Joint Light Tactical Vehicle (JLTV)
On 31 August 2012, the Joint Light Tactical Vehicle (JLTV) program was put on hold following a formal protest by Navistar Defense, which had not been among the bidders awarded engineering and Manufacturing Development (EMD) contracts on 22 August 2012. Navistar Defense said it had concerns about the selection process and had requested and review by the Government Accountability Office (GAO). On 4 September 2012, Navistar Defense announced that it was withdrawing its protest after examining the results of the competition more closely.
Joint Light Tactical Vehicle (JLTV) is a joint service, multinational program for a family of light tactical vehicles and companion trailers. JLTV was a central component of the Department of Defense's tactical wheeled vehicle strategy, intended to enhance the military services' mix of tactical vehicles by providing a balanced vehicle solution (focusing on the so-called three p's of performance, payload and protection) with increased transportability and expeditionary mobility.
The Joint Light Tactical Vehicle family of vehicles (JLTV) program was developed in response to an operational need to replace the aging High Mobility Multi-Wheeled Vehicle (HMMWV) fleet. The mission of the Program Manager JLTV was to jointly develop, produce, field and sustain a safe, reliable, suitable, and effective family of vehicles. The JLTV would restore or exceed the original HMMWV mobility and payload capabilities, maintain most of its transportability capabilities, while raising its survivability and protection capabilities and improving its sustainability.
JLTV was developed to restore transportability and overcome the existing imbalance in protection, payload and performance found in the existing tactical vehicle fleet. Modernizing the tactical vehicle fleet with the JLTV was determined to be necessary to provide protected, sustained, and networked mobility for Army and Marine Corps personnel and equipment on the modern battlefield. The JLTV would be transportable via rotary wing assets at Essential Combat Configuration and sealift on height restricted decks. The vehicles were also to feature a commonality beyond major components, to include repair parts, tool, training, system design, maintenance procedures and source of supply.

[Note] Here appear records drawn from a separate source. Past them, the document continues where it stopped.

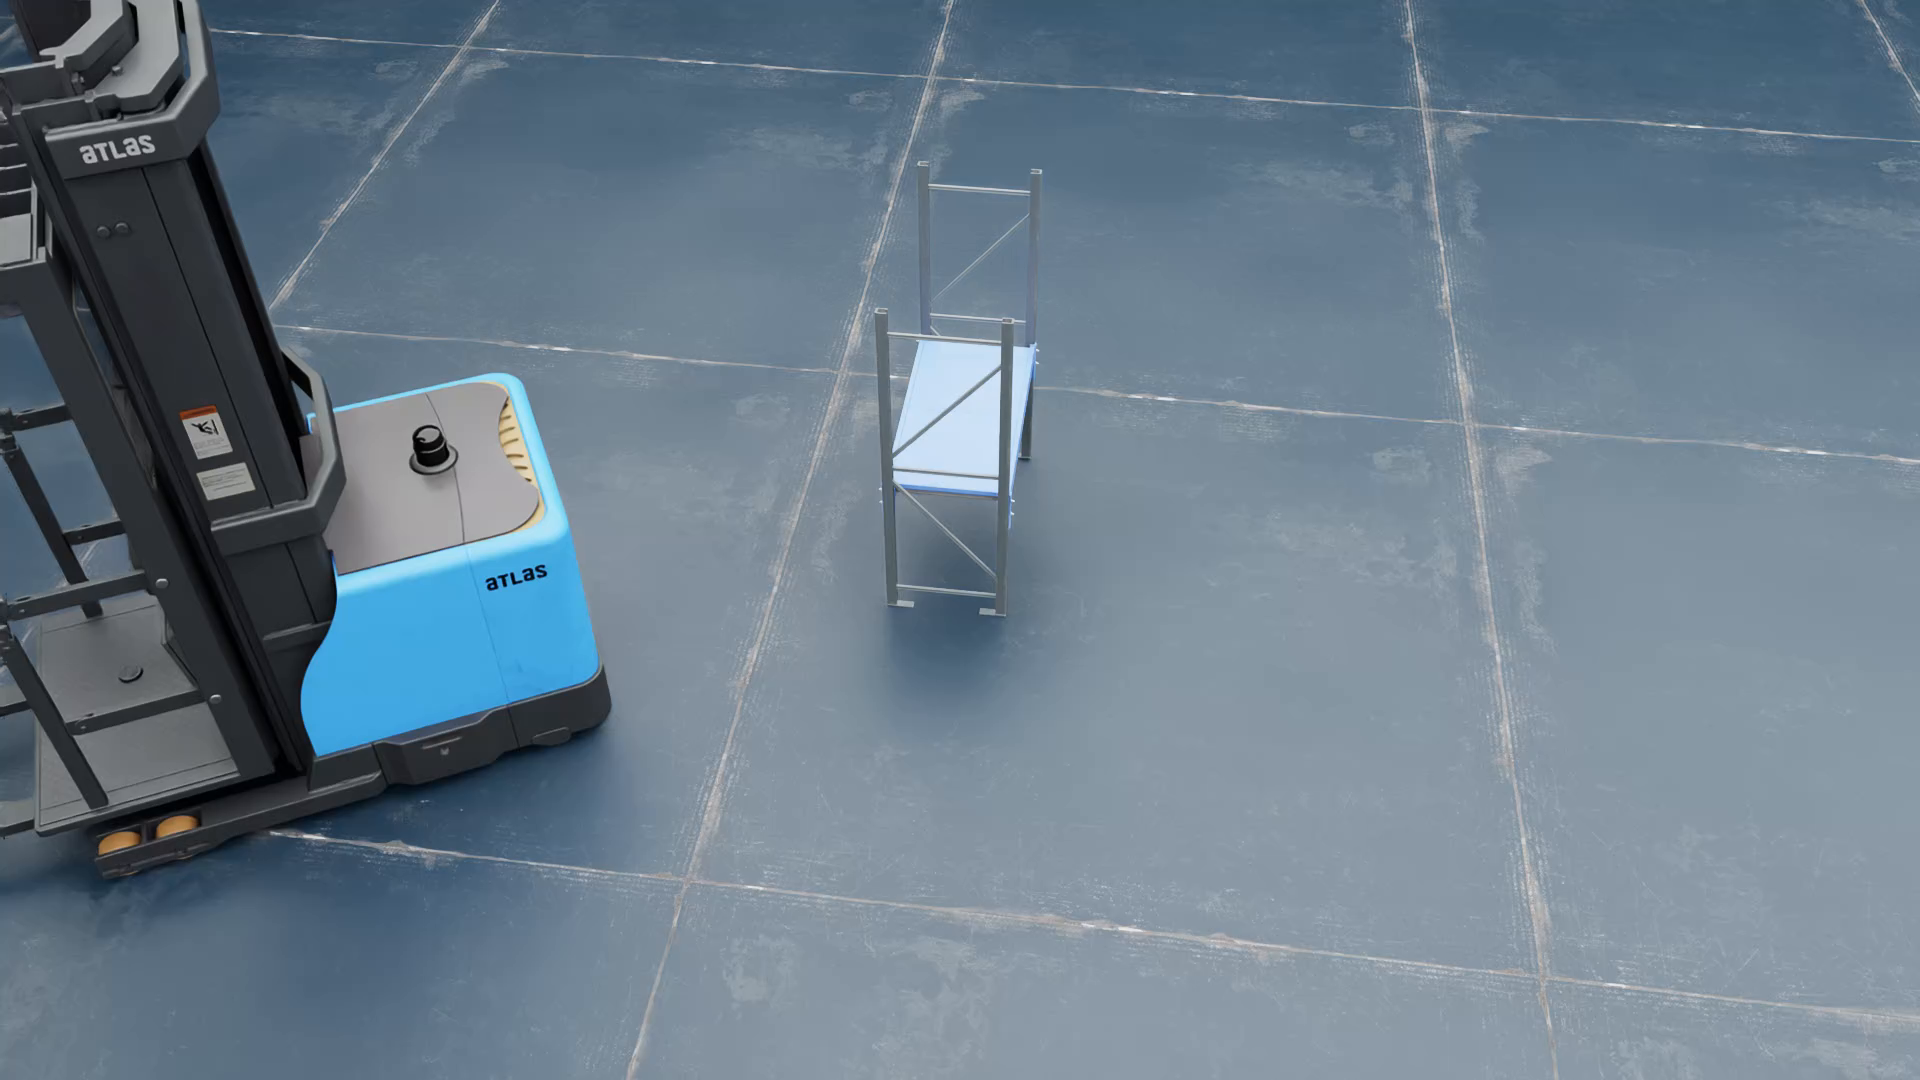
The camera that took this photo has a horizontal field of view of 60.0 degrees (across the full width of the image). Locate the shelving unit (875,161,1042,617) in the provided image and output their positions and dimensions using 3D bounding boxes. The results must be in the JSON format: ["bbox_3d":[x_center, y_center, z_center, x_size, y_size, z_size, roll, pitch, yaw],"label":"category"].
[{"bbox_3d":[0.011,-0.603,6.818,0.538,1.500,1.048,5,44,6],"label":"shelving unit"}]

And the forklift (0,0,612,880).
[{"bbox_3d":[-2.927,-0.269,5.424,3.031,2.935,1.130,-15,46,-15],"label":"forklift"}]

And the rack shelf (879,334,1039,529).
[{"bbox_3d":[0.011,-0.472,6.942,0.538,0.185,1.000,5,44,6],"label":"rack shelf"}]

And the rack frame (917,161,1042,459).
[{"bbox_3d":[0.078,-0.949,7.184,0.500,1.500,0.032,5,44,6],"label":"rack frame"}]

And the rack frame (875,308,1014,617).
[{"bbox_3d":[-0.056,-0.256,6.452,0.500,1.500,0.032,5,44,6],"label":"rack frame"}]

The JLTV family of vehicles included 10 configurations and companion trailers in 3 payload categories. Commonality of components, maintenance procedures, and training between all variants was expected minimize total ownership costs. Payload Category A was 3,500 pounds, Payload Category B was 4,000-4,500 pounds, and Payload Category C was 5,100 pounds. Payload Category A was not expected to require a companion trailer to meet the requirements. The ability to utilize the companion trailers and other modular componnents with all configurations would allow the JLTV to be rapidly reconfigurable. During the Engineering Manufacturing and Development phase, the Category B configuration was removed, with the Category A configuration becoming known also as the Combat Tactical Vehicle, and the Category C configuration becoming known also as the Combat Support Vehicle. The Combat Tactical Vehicle configuration for the JLTV should not be confused with the vehicle program of the same name initiated by the USMC in 2005.
The JLTV family of vehicles was to provide a design that supports mobility, reliability and maintainability within the given weight limits to ensure transportability to and from the battlefield. JLTV would use scalable armor solutions, as part of the Long Term Armor Strategy (LTAS) to meet requirements for added protection while maintaining load carrying capacity.